## The data
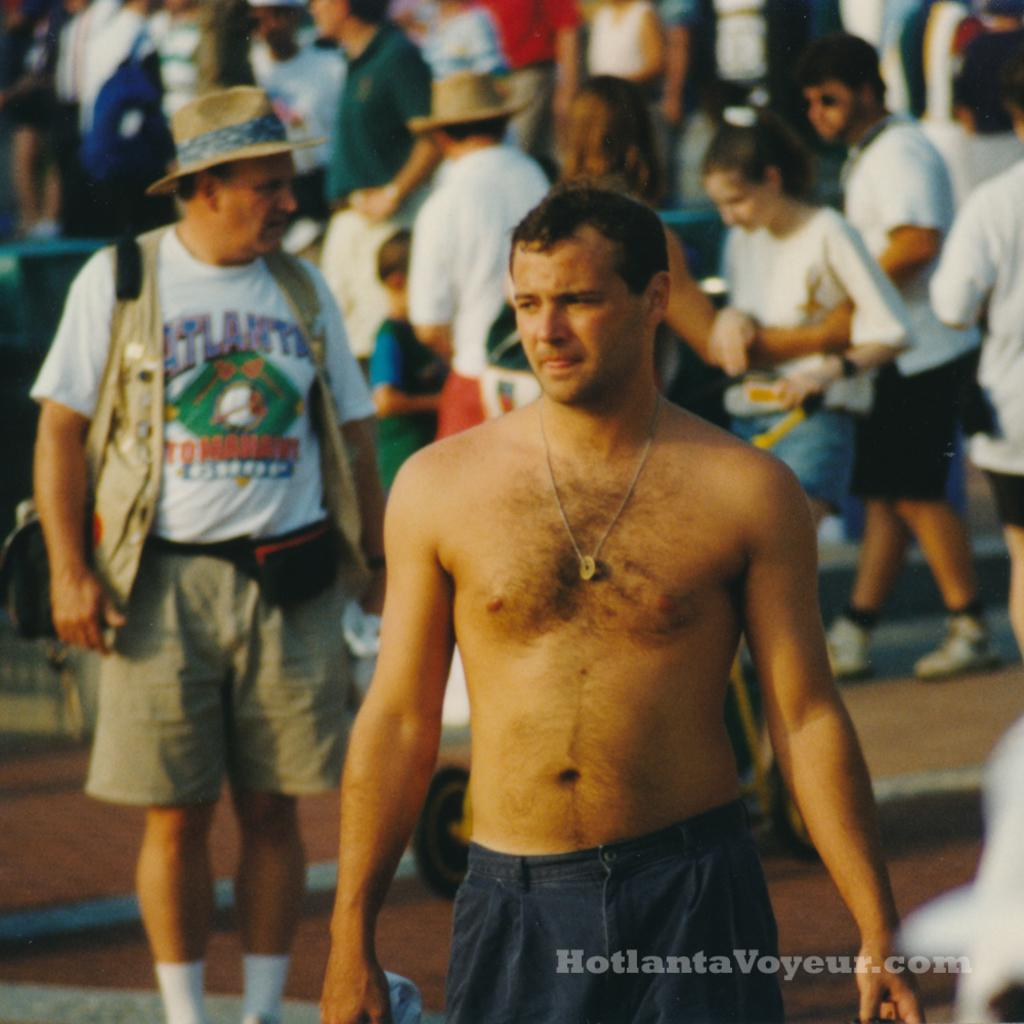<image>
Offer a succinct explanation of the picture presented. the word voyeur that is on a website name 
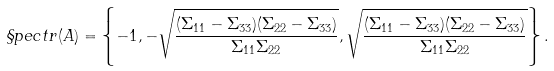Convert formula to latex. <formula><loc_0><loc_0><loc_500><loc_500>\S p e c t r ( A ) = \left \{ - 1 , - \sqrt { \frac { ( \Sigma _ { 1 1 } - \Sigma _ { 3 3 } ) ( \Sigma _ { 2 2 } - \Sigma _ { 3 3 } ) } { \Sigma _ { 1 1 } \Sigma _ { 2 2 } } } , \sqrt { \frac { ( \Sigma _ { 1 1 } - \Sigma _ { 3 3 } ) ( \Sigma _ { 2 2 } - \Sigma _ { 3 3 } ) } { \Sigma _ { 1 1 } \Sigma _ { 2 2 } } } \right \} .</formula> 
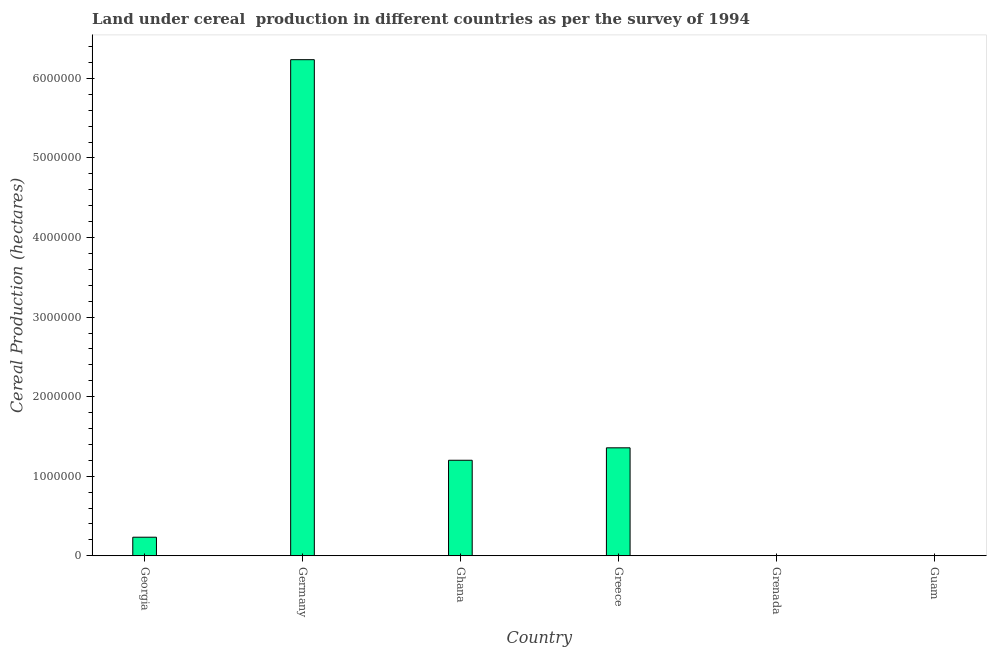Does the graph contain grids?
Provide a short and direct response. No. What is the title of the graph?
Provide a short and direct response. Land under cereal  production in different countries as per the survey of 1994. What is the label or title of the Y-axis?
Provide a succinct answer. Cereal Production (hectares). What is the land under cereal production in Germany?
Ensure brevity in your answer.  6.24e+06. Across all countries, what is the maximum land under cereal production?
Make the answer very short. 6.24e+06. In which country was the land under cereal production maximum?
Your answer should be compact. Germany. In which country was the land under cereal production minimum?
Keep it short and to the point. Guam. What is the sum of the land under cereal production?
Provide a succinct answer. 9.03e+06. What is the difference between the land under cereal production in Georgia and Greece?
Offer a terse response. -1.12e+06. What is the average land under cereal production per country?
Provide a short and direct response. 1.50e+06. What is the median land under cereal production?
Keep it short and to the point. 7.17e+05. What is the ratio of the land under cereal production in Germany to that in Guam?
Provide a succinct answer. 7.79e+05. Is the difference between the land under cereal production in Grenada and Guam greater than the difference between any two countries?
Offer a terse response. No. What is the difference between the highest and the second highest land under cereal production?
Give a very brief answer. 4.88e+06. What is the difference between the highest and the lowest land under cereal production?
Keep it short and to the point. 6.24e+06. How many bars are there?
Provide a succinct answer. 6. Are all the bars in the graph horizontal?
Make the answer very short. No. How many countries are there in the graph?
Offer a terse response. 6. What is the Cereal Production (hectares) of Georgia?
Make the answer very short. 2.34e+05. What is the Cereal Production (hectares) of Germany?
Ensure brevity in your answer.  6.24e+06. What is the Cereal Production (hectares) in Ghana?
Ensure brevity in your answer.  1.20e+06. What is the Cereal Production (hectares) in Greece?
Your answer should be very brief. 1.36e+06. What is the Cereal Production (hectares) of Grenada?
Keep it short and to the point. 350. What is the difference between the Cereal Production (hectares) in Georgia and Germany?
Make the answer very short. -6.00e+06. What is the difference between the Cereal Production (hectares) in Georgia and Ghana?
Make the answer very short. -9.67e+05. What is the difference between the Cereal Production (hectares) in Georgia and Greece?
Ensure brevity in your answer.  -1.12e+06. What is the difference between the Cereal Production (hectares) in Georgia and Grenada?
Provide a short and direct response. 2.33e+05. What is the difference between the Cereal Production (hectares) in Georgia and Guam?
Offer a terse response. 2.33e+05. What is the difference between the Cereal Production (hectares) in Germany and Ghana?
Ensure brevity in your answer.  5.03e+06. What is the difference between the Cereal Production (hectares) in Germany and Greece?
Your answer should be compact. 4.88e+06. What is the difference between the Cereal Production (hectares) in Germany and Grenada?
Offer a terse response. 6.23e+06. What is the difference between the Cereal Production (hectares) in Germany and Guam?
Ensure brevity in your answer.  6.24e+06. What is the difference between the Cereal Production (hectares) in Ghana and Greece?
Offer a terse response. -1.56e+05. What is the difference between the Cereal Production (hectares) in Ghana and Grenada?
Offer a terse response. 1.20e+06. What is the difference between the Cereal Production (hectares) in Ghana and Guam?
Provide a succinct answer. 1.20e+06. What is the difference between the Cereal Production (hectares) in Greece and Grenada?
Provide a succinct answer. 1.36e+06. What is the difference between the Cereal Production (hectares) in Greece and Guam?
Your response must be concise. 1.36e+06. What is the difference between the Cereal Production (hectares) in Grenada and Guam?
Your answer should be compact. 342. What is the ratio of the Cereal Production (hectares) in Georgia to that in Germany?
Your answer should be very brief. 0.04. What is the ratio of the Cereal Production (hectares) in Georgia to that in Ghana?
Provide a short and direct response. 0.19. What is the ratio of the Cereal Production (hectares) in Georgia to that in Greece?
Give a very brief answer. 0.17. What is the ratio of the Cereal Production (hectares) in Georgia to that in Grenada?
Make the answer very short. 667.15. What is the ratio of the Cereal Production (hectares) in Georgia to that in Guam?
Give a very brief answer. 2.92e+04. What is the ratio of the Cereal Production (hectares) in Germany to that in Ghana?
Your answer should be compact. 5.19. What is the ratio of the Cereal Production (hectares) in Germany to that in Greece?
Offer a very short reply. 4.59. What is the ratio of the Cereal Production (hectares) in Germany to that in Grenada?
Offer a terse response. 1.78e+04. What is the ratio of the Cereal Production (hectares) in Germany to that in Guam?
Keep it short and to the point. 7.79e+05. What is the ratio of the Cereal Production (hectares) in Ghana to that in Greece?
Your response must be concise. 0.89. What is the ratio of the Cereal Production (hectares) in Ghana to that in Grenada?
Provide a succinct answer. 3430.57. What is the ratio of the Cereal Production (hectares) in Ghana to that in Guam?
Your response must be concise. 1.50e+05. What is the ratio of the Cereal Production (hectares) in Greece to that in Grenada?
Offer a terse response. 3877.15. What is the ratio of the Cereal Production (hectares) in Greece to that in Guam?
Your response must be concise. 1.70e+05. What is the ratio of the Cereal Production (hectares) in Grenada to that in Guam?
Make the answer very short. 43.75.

---

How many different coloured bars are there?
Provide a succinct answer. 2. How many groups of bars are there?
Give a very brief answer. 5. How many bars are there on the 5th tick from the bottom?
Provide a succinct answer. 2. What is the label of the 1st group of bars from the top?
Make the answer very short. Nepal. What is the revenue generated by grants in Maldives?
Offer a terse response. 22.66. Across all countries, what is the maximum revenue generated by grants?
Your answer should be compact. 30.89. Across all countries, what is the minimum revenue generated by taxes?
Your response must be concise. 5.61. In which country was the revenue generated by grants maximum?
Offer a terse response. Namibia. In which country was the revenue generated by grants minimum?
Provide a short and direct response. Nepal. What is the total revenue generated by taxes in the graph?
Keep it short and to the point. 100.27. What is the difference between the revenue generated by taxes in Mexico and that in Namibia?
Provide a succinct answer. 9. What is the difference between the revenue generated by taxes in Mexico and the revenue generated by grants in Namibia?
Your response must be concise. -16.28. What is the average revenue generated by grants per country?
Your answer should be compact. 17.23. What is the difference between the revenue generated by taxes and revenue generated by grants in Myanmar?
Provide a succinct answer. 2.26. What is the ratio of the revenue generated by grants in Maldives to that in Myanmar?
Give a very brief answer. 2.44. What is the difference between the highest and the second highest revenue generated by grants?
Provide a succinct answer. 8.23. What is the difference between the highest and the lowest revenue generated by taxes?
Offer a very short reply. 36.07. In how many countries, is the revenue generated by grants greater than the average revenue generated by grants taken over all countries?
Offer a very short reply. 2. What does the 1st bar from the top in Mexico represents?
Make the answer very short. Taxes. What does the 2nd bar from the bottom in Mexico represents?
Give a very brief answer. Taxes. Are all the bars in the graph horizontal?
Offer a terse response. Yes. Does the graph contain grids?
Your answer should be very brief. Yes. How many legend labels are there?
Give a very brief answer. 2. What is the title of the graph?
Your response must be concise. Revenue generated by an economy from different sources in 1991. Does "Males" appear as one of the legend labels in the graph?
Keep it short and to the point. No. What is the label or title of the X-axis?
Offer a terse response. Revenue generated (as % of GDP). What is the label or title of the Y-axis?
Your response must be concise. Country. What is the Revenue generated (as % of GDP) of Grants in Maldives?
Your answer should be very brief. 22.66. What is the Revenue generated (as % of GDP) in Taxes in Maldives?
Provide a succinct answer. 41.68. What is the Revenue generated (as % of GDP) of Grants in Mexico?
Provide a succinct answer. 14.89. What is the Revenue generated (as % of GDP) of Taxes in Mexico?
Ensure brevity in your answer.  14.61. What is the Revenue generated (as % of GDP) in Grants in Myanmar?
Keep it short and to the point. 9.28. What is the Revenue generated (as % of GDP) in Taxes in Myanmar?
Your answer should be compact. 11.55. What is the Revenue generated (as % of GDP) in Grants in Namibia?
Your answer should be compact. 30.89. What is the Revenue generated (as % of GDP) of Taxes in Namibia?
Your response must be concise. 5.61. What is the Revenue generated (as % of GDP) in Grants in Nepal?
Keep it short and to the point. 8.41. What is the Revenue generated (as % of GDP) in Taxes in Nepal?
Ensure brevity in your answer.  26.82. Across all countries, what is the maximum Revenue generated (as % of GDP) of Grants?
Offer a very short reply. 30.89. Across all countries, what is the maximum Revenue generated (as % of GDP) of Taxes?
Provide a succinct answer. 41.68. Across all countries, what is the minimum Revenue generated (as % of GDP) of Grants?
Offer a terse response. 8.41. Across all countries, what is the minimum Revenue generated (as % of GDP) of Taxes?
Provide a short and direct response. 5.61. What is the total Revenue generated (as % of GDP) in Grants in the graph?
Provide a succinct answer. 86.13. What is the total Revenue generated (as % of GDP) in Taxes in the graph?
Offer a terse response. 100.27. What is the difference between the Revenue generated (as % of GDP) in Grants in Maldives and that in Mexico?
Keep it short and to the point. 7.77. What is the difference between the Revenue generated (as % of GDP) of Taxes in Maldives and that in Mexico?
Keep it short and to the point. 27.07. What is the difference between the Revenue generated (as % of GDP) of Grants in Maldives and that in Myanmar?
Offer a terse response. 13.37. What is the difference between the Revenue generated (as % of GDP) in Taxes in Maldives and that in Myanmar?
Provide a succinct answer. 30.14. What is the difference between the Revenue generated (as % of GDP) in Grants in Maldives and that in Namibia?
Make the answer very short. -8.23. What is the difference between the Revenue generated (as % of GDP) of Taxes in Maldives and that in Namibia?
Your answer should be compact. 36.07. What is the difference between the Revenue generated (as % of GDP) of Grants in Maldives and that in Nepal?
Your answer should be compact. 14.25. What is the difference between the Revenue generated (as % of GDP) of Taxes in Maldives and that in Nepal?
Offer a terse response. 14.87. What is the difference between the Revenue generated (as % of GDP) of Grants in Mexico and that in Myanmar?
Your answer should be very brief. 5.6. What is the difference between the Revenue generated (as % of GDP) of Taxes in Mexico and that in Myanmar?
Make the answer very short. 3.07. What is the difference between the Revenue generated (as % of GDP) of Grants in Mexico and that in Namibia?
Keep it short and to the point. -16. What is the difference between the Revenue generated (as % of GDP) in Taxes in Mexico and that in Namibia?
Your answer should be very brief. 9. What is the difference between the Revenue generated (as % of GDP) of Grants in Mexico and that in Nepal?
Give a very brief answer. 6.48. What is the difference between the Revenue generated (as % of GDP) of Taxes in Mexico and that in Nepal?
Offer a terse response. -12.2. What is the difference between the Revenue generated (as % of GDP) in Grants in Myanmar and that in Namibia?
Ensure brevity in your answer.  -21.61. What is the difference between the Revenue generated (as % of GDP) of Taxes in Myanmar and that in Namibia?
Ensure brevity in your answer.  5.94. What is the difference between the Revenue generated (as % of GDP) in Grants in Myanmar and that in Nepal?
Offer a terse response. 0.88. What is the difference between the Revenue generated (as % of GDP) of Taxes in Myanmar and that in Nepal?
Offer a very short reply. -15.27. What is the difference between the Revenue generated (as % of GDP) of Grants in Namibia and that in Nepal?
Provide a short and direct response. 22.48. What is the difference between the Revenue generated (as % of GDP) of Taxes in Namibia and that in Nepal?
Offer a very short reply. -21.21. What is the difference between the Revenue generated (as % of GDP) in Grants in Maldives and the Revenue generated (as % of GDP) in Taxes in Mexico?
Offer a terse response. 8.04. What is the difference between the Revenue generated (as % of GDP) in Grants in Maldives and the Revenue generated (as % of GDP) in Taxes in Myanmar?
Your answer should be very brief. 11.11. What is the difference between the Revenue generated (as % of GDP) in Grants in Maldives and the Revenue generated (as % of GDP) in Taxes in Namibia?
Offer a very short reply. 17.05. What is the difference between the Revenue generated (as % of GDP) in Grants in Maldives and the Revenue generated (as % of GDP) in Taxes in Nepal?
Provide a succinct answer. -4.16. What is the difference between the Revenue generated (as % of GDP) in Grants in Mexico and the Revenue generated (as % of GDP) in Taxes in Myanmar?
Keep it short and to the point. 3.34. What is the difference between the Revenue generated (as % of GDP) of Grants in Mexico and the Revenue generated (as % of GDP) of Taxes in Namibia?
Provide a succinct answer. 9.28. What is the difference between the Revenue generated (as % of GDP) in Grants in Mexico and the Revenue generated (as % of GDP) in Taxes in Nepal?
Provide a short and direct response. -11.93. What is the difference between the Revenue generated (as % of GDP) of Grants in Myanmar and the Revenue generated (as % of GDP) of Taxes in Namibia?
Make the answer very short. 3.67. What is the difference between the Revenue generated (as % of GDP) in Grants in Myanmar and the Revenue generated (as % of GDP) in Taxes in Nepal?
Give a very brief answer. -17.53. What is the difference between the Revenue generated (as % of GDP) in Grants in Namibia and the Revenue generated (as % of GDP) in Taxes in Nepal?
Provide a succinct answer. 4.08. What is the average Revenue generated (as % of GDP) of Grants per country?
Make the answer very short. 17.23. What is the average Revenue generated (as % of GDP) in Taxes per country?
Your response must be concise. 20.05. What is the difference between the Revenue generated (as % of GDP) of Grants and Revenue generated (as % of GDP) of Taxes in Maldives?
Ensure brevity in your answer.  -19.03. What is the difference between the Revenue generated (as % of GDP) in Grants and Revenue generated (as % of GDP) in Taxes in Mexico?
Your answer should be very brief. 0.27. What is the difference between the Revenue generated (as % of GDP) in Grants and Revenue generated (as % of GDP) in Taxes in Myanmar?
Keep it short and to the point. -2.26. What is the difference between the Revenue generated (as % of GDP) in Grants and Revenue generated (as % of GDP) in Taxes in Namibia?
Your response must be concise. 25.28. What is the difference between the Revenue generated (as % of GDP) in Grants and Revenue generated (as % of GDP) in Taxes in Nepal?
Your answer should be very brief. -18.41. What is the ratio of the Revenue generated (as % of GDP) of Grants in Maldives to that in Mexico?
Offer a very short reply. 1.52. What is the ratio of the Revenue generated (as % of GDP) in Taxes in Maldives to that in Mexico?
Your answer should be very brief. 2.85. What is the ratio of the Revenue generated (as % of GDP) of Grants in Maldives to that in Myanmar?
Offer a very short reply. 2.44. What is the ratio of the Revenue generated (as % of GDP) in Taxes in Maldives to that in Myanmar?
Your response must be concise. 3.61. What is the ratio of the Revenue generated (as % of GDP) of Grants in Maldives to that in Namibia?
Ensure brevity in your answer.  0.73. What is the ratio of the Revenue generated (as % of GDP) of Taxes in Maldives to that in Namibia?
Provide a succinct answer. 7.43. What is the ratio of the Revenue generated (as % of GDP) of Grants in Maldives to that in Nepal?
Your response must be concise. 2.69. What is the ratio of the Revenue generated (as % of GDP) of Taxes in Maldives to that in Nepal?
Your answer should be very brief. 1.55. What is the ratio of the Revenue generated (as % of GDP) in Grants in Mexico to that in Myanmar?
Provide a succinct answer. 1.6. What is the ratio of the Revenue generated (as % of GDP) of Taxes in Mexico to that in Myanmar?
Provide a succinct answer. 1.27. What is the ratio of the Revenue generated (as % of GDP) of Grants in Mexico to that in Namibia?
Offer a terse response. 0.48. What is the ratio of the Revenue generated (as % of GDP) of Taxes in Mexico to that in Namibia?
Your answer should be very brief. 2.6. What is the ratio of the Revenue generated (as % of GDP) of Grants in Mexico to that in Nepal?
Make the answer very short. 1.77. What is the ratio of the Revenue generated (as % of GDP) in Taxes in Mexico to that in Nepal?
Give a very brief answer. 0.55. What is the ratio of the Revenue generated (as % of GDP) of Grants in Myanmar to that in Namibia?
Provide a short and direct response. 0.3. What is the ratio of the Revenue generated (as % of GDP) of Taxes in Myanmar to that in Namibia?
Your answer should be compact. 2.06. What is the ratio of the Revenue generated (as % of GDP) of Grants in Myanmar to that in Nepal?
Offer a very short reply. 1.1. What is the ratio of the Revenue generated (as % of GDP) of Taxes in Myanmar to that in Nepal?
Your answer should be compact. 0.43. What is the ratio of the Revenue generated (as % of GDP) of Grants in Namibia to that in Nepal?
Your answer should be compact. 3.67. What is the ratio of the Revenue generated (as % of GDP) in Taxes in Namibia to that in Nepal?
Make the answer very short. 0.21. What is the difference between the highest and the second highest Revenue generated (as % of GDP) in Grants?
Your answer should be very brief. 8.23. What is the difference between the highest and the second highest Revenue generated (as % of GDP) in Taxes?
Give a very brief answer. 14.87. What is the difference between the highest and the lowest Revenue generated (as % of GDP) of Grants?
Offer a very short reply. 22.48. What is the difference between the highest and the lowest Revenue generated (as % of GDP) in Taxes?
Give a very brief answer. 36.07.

## What is needed
Taking the entries above, write out exactly each line from the one holding "Give a very brief answer. 6.48." to the one holding "Grants in Myanmar and that in Nepal?", both included, and stop there.

## Task response
Give a very brief answer. 6.48. What is the difference between the Revenue generated (as % of GDP) of Taxes in Mexico and that in Nepal?
Offer a terse response. -12.2. What is the difference between the Revenue generated (as % of GDP) in Grants in Myanmar and that in Namibia?
Ensure brevity in your answer.  -21.61. What is the difference between the Revenue generated (as % of GDP) of Taxes in Myanmar and that in Namibia?
Ensure brevity in your answer.  5.94. What is the difference between the Revenue generated (as % of GDP) in Grants in Myanmar and that in Nepal?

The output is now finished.